この映画には常に、孤独と寂しさの香りがする。誰にも理解されない。自分の考えを理解してもらえない。そして、歴史的な偉業すら、生前讃えられることはなかった。アランチューリング。彼の背中にはいつも哀愁がただよっていた。子供の頃、仲良くしていたクリストファーという親友を突然亡くした。本当に突然。チューリングの学生時代にとって、彼の存在がどんなに救いだったか。自己表現が下手で、独自な思考を持つがゆえに彼は子供の頃から孤独だった。そんな彼が心を許せる唯一の相手、それがクリストファーだった。彼とは、全てを許し合えている仲だと思っていた。それなのに、彼は病気のことも告げず突然いなくなった。チューリングにとって、それは二重の意味で裏切りだっただろう。ひとつは、突然いなくなったこと。そしてもう一つは、病気のことを告げてくれなかったことだ。きっと、チューリングにはクリストファーの配慮が理解できなかったんだとおもう。病気のことを告げたらチューリングは相当ショックを受ける。だから、何もいわず楽しく過ごそうとしたのだ。だけど、それはチューリングにとって裏切りでしかなかった。彼は深い傷を負ったまま、大人になり、エニグマの暗号解読へと挑むことになる。チューリングは自信が開発したマシーンにクリストファーと名前をつけた。きっともう一度会いたかったのだ。クリストファーと名前をつけて、向き合うこと。その向き合う時間はチューリングにとっての癒しだったんだろう。ラストシーンの発狂から読み取れる。マシーンを失うことは、クリストファーを失うことなんだ。二度目の喪失にチューリングは耐えられない。ラストシーンを見ていて、胸が張り裂けそうになった。寂しい。寂しさを埋めてほしいのだ。誰に?クリストファーに。だけどそれは叶わない。寂れた部屋に、片付いていない食器、部屋の端で鎮座する無機質なコード。治療で震える手。伴侶もおらず、ただ孤独にマシーンと向き合う日々。歴史的な偉業も称賛されず、自分が行ったことの正しさを誰も認めてくれないし、極秘であるため誰にも話せない。なんて孤独なんだろう。せめて、称賛が彼にあれば、彼はきっと救われたはずだ。劇中の救いは、ジョーンクラークだ。彼女は孤独だった彼に癒しを与えてくれる存在だったのだと思う。だけど、チューリングはやむなく彼女を手放した。彼女に配慮しての行動だ。彼は不器用すぎた。嫌われるように仕向けた。彼女が頑固で芯のある女性だと知っていたからだ。同性愛者であることを打ち明ければ嫌ってくれると思ったが、それでもいいというので、うんと嫌われる一言をいった。自分が嫌われることを受け入れるくらい、それくらい、彼にとって彼女は大事な存在だったのだ。きっと彼女がその意味を理解したのは、ずっと後になってからだろう。ラストシーンで、彼女がチューリングにかけた言葉、この街を救ったのはあなた。あなたが普通じゃなかったから救われた命がたくさんある。という言葉は、彼にとって大きな励ましとなったことだろう。きっとこの映画を作った人も、きっと称賛したかったのだ。彼の功績を。彼の功績が長い間讃えられなかったことに怒っていたに違いない。不当だ、可哀想だと思ったに違いない。だからこの映画を作ったんだと思う。

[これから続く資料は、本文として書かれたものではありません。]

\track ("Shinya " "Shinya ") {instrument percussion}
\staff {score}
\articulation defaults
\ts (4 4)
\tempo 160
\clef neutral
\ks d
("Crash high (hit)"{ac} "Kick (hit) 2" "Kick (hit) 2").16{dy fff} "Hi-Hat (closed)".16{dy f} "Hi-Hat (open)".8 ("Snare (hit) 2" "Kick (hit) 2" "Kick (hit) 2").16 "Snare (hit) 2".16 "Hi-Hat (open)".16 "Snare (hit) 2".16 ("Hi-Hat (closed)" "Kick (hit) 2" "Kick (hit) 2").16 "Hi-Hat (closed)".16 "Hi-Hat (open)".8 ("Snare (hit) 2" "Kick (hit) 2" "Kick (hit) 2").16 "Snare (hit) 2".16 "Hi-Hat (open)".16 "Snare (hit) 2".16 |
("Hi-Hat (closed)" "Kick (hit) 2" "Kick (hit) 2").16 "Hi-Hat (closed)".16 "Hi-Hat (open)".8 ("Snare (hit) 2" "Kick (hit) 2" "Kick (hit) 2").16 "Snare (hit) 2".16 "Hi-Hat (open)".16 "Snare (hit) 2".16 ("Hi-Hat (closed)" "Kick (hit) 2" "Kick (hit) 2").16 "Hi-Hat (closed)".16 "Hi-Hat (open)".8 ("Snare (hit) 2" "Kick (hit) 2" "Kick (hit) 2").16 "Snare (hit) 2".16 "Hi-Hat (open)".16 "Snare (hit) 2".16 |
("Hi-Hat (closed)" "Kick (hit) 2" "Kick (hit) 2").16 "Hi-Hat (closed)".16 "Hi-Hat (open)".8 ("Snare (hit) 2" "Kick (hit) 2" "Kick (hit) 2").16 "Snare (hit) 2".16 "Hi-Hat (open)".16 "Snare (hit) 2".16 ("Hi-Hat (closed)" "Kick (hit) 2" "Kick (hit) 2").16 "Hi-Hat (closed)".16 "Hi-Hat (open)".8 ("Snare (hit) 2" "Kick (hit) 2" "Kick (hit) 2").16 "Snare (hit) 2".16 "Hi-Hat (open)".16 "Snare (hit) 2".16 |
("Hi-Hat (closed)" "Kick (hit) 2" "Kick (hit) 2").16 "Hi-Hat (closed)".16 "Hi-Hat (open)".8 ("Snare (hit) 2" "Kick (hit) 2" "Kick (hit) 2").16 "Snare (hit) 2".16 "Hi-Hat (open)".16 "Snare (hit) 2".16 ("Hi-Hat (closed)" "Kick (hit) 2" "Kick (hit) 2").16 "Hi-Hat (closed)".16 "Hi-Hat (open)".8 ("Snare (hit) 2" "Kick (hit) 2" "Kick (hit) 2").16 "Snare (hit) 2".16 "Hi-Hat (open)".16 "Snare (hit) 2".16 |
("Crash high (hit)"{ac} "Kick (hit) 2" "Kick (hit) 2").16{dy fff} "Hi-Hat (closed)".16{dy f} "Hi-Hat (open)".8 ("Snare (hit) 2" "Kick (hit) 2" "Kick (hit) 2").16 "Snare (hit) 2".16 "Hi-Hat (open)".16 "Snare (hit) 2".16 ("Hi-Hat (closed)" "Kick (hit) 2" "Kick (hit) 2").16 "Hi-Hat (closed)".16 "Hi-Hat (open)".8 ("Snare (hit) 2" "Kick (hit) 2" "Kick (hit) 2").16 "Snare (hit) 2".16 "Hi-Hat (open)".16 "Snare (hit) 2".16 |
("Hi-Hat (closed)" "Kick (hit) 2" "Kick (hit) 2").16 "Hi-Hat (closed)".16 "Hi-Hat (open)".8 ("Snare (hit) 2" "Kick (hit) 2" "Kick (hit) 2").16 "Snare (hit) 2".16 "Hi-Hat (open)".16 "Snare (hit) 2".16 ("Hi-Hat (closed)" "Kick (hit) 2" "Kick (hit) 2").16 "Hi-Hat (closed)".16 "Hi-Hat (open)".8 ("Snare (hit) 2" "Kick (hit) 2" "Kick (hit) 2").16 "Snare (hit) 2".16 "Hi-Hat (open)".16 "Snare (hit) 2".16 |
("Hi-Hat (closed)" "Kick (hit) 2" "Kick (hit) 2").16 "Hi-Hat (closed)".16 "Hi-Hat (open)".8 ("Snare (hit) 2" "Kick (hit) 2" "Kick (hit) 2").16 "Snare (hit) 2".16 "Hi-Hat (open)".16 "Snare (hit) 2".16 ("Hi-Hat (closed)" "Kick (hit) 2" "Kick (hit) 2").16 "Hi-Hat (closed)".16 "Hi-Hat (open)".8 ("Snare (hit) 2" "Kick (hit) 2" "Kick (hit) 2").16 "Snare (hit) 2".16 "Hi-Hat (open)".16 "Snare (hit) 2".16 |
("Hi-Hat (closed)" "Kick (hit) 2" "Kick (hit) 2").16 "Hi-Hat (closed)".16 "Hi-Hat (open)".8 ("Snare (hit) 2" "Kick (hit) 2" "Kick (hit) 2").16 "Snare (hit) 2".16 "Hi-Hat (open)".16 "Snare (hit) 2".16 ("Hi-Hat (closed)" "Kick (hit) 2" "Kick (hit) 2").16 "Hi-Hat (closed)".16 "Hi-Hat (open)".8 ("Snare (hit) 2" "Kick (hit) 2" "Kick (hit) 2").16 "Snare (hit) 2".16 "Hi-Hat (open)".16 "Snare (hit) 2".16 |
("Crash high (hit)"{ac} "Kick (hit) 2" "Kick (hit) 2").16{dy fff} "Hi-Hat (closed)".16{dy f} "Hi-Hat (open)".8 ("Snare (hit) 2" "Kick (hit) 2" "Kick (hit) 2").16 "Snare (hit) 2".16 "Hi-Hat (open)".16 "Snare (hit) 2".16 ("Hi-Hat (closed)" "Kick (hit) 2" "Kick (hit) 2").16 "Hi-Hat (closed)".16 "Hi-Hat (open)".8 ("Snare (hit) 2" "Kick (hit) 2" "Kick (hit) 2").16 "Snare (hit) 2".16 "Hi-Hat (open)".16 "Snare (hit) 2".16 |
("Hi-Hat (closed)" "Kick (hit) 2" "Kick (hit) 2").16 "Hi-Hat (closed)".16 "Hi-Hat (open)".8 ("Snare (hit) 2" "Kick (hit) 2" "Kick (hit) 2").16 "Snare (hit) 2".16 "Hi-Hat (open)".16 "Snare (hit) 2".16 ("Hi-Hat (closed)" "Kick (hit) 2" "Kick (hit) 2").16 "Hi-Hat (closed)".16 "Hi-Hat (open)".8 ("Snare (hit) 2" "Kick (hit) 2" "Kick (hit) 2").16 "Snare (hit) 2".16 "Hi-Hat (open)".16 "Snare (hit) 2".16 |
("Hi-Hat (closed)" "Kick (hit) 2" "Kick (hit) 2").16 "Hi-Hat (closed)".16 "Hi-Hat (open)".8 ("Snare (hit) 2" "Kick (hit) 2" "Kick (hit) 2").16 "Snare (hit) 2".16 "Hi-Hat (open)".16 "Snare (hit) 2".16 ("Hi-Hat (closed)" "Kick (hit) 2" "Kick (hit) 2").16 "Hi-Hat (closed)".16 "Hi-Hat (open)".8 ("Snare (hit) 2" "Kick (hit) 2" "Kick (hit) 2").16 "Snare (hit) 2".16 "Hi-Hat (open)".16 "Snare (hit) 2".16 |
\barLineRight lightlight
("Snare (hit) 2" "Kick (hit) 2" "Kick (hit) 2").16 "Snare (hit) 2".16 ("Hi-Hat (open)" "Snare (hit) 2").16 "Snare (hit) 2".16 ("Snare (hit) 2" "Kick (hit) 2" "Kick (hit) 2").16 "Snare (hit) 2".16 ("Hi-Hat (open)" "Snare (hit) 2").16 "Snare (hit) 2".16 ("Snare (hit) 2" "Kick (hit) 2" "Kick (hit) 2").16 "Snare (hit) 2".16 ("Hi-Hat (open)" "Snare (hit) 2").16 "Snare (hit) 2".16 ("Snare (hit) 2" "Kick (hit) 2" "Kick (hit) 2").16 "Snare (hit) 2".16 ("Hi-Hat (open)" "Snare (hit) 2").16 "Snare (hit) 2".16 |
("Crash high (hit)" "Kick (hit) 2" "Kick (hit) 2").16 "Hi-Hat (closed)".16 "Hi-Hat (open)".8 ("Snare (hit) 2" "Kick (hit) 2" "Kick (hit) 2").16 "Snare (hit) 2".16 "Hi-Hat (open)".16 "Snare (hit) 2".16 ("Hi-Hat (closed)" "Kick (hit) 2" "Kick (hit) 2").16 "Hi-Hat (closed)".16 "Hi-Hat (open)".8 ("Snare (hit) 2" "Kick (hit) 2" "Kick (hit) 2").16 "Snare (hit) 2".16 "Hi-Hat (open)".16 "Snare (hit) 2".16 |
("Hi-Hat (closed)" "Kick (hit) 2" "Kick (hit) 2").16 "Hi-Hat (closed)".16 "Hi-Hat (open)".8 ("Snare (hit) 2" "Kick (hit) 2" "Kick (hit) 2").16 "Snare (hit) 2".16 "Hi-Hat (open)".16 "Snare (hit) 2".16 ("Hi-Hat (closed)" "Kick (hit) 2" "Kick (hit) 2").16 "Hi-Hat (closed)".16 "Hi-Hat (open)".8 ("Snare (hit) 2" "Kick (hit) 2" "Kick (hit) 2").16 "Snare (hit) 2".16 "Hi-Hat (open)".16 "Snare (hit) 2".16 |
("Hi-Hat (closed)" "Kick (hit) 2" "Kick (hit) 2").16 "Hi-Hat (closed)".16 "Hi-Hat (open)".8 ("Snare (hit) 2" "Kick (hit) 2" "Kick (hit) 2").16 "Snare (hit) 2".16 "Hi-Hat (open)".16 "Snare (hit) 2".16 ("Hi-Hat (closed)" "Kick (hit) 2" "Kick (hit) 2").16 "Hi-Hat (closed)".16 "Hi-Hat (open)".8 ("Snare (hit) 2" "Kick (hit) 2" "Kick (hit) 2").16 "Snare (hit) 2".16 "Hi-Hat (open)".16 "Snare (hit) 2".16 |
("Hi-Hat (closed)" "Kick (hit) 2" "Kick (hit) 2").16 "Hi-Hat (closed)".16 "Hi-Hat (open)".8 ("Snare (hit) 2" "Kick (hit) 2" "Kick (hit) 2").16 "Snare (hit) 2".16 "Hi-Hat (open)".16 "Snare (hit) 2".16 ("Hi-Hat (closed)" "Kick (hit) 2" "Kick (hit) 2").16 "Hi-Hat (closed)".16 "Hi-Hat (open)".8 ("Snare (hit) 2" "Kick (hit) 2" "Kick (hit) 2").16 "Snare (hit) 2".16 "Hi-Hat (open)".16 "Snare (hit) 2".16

 この映画には重要な教訓があると思う。それは、本当に最適なルートは、結果がでるまでに時間がかかるように見えるということだ。たとえその道が最短ルートであったとしても、最適解であったとしても、道中は本当にそれが正しいのかわからない。僕たち凡人がその道の正しさを理解するのはいつも答えが出てからだ。答えが出てから、それが正しかったというのは簡単だ。その道中にいるときに芯を曲げずに進むことは困難だ。その困難をやってのけたのがイミテーションゲームにおけるエニグマの解読。マシーンの開発にはとても時間がかかった。結果が出るまでに年単位で時間を消費した。周囲の反発的な反応を否定できるだろうか。きっとその渦中にいたのなら、僕も周囲の人間と同じように、チューリングはおかしいと陰口を叩いて、せっせと人力でやっていたと思う。やっぱりいつの時代も革新的なことをやっている人の動きは理解されないのだろう。なぜなら、革新とは常識と大きくかけ離れているから。常識はずれという言葉があるように、みんなと違う行動は馬鹿にされる。排除される。だけど、いつだって時代を動かしてきたリーダーは常識はずれを行なってきた。当然反発される。その反発を押しのけてきた。イミテーションゲームではそのプロセスがつぶさに見える。そして、その反撃は、まったくもって痛快にうつらないという悲劇がそこにはあった。ほれみたことか、とはならない。称賛してくれる人は身内だけ。身内も限られたごく一部の人間だけだ。
 イミテーションゲームを見ていると、アランチューリングの寂しさを埋めてあげたくなる。彼の孤独をぬぐってあげたくなる。そして、彼の抱える孤独や寂しさを見ていると、人間にとって孤独を拭うこと、寂しさを埋めることがどんなに尊いことかわかる。誰しもが大なり小なり寂しさや傷を抱えて生きていると思う。それを癒すことはどんなに尊いことなんだろうなって思うんです。誰かと笑い合ったり、何かに夢中になったり、手を握ったり。そういうことは本当に尊いことだなって。なにかに詳しくなって賢くなること、誰かとの競争に勝つことも楽しいよ。だけど、寂しさを埋める。温める。それは今を生きる僕たちにとって、とてつもなく大切で、かけがえのない尊いことだなって思うんです。僕も誰かをあたためられるのかな。寂しさを埋められるのかな。そんなふうに生きれたらいいなって、映画を見ながら思いました。